An overview of my Data Science course, developed with Denes Csala and colleagues in the Economics Observatory Data Team.
If you are not a current student, but like the sound of the course, get in touch with the team at office@economicsobservatory.com. We will be running a course for mid-career professionals in 2025.
Course overview
- Hosting Visualisations: A new approach.
- Motivation.
- Resources: new tools.
- Building blocks: HTML, CSS, JavaScript.
- Charts as data.
- Debating. Making your point with data.
- Good, Bad and Ugly – when charts go wrong.
- DataViz heroes.
- Principles to help you avoid ChartJunk.
- Black Hat, White Hat – two types of adjustment.
- Structure. The Language of Data.
- Visualization as a sign system.
- Visual encoding.
- Data guidelines.
- Data sources.
- Data.
- Data collection, data storage, data access.
- Manipulating Data.
- APIs.
- Scrapers.
- Programming.
- Flow Control in Data Science.
- Conditionals.
- Loops.
- Dashboards.
- Break – Project Work Week.
- Maps.
- Cartography history: first choropleth to modern maps.
- Projections.
- Base maps.
- Putting data on maps.
- Big Data
- Intro to Big Data: history and revolution.
- Definitions, development and usage.
- Administrative data: impact and safe usage.
- Ethics of big data.
- Analytics.
- Comparison. Rebasing, de-trending, normalizing.
- Distribution, correlation and regression charts.
- Events and DiD charts.
- Forecasts, PCA and sentiment analysis.
- Machine Learning.
- ML definitions and history.
- Unsupervised. Clustering and dimensionality reduction.
- Supervised.
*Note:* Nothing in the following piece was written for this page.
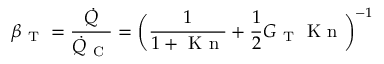Convert formula to latex. <formula><loc_0><loc_0><loc_500><loc_500>\beta _ { T } = \frac { \dot { Q } } { \dot { Q } _ { C } } = \left ( \frac { 1 } { 1 + K n } + \frac { 1 } { 2 } G _ { T } K n \right ) ^ { - 1 }</formula>

Regression and classification.
- Model evaluation and hyperparameter tuning.
- Large Language Models (LLMs)
- Data gathering.
- Data cleaning.
- Data visualisation.
- Audit
Lecture 1. Motivation, and getting set up
The aim of the first week is to get you set up as a coder. The course assumes zero prior coding knowledge. Within a couple of hours you will be confidently running HTML, CSS and JavaScript on your own live web page.
For some preliminary motivation and ideas, the links below give a compendium of types of charts, and some links to previous students’ web pages.
To get started, in our first lecture and practical we meet three types of code:
- HTML. https://developer.mozilla.org/en-US/docs/Web/HTML
- CSS. https://developer.mozilla.org/en-US/docs/Web/CSS
- Javascript. https://developer.mozilla.org/en-US/docs/Web/JavaScript
And we will start using four tools.
- Vega-Lite. https://vega.github.io/vega-lite/
- GitHub. https://github.com/
- Visual Studio Code. https://code.visualstudio.com/
- ECO Data Hub. https://www.economicsobservatory.com/create
By the end of lecture 1, you will know what all of these things are, and will be using them to display data in your own website.
Coding challenge 1
Set up your own Github account and live page using GitHub pages. Make sure you understand the difference between your repo and your site. For example my repo and web sites are:
https://github.com/RDeconomist/RDeconomist.github.io
Add your first index.html file to your repo, and check that your live site is working.
Now add two charts using the vegaembed function.